**Assignment**
Pick every line with "concise" from the material below.

**Data provided**
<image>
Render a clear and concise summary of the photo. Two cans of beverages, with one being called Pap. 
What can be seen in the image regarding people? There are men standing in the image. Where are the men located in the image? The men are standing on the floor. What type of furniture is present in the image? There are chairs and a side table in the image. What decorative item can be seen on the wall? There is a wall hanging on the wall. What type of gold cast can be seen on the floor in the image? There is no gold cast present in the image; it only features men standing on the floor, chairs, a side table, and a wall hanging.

...

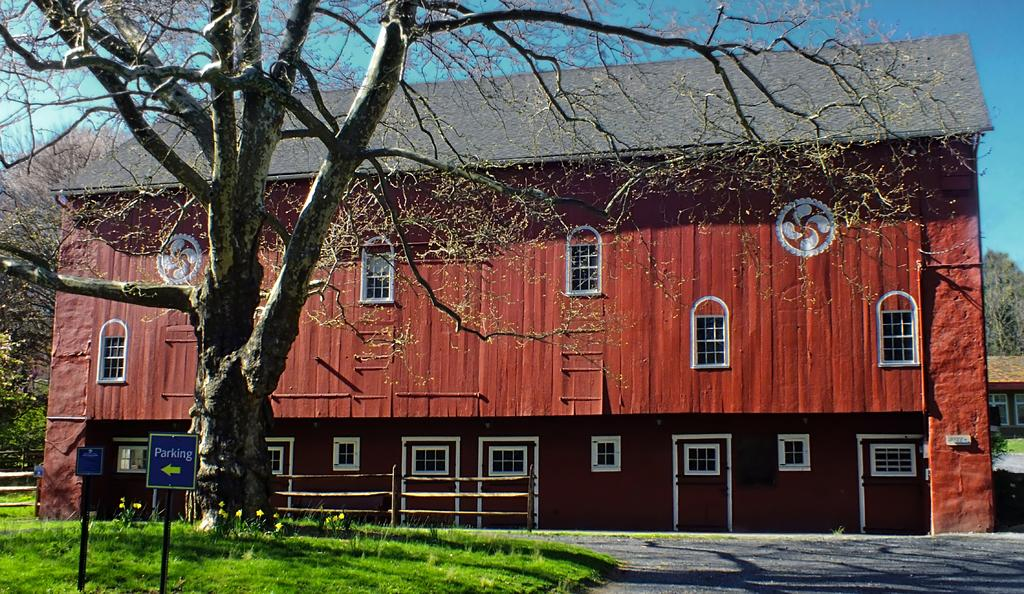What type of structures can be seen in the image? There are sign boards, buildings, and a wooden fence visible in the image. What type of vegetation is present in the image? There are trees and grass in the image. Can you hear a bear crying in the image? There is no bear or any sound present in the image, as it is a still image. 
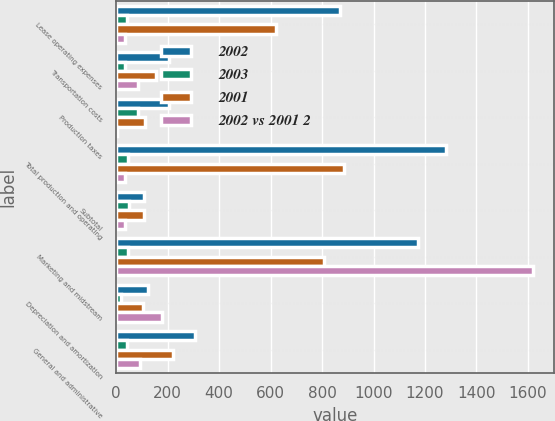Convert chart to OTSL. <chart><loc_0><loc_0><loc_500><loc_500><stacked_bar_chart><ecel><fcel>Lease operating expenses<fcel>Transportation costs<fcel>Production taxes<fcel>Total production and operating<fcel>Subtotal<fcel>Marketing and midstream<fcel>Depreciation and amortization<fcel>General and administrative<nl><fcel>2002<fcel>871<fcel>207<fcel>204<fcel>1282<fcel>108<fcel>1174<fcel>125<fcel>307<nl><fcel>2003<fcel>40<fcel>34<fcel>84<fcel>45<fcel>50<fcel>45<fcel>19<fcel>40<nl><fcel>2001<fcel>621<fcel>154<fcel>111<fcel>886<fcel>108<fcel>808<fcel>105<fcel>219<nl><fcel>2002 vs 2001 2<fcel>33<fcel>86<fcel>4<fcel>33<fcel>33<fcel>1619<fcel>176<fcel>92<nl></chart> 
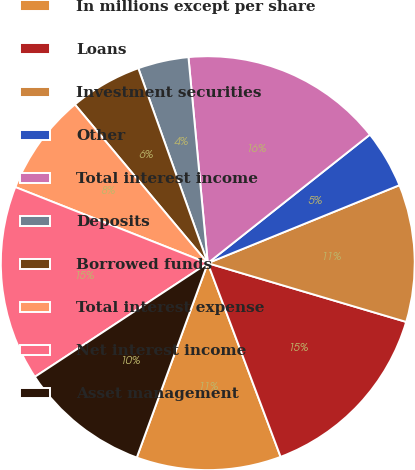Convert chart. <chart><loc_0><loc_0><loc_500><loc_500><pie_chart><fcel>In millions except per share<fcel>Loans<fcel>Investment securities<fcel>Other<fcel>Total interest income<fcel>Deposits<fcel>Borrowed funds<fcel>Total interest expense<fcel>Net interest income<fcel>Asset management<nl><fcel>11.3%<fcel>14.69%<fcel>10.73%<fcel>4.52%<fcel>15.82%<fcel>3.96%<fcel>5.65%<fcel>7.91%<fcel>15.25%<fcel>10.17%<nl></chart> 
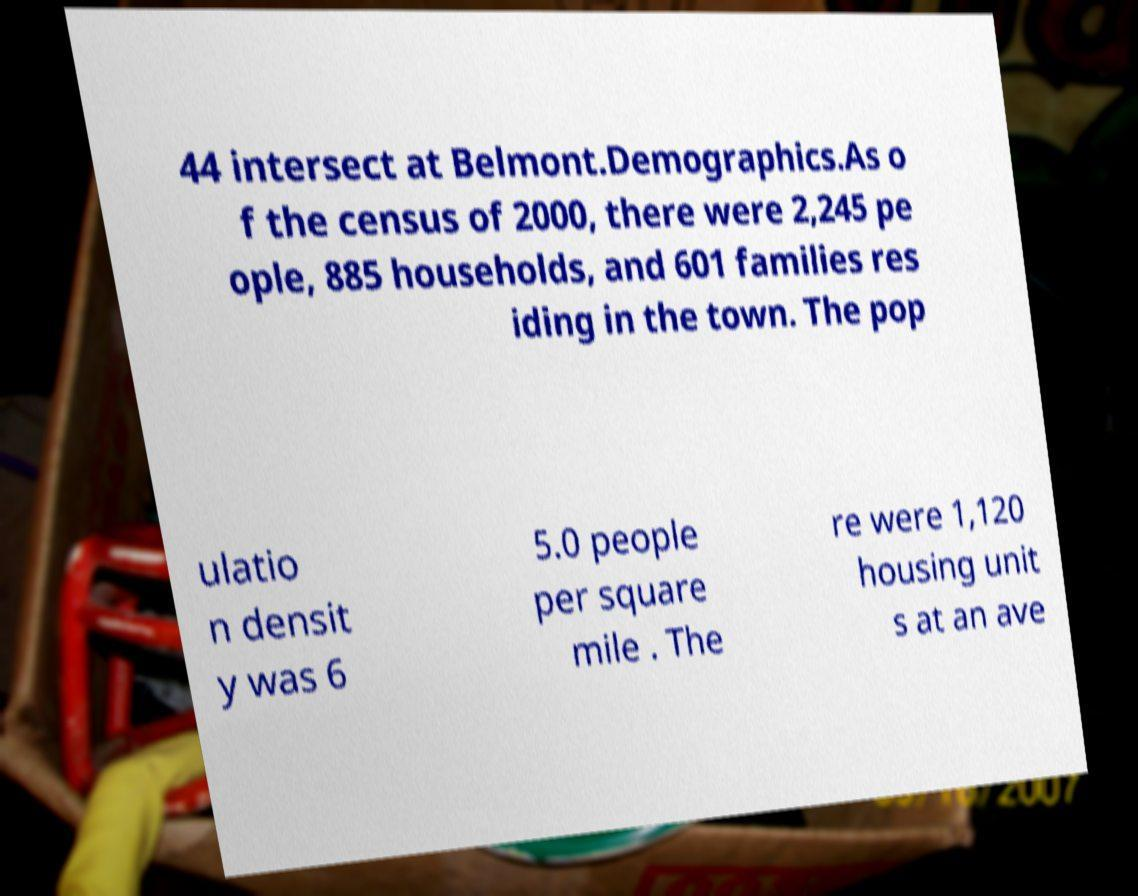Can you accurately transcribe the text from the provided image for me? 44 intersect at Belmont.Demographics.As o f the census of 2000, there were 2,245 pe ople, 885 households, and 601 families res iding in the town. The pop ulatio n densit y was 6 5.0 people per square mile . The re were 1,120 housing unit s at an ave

==

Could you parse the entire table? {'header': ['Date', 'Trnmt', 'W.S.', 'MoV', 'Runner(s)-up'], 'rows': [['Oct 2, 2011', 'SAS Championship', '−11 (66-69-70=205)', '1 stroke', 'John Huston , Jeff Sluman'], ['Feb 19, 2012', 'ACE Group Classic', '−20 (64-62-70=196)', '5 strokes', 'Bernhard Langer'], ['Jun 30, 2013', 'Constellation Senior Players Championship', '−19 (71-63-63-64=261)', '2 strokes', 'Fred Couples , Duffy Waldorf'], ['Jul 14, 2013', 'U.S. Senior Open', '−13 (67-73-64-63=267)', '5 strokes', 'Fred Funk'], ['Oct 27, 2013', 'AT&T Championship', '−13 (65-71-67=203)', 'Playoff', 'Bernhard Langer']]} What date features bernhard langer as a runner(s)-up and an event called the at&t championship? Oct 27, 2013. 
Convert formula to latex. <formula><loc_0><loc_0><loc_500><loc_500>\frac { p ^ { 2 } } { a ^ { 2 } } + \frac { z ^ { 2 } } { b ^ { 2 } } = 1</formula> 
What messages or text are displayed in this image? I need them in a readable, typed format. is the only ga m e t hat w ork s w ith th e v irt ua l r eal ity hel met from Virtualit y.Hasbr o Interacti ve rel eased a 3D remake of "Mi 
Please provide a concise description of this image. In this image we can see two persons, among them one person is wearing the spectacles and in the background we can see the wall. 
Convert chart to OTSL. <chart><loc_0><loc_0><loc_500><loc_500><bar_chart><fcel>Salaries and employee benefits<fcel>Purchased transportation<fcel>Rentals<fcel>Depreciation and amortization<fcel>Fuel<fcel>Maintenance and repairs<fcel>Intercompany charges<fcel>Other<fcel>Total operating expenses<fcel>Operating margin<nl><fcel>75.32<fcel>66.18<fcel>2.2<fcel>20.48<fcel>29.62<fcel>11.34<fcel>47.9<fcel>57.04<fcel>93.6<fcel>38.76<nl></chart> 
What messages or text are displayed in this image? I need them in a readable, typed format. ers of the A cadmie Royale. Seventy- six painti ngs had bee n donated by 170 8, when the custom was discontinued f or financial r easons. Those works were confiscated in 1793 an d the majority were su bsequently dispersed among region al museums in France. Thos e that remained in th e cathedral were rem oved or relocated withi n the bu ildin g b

**Exercise result**
Render a clear and concise summary of the photo. Two cans of beverages, with one being called Pap. 
Please provide a concise description of this image. In this image we can see two persons, among them one person is wearing the spectacles and in the background we can see the wall. 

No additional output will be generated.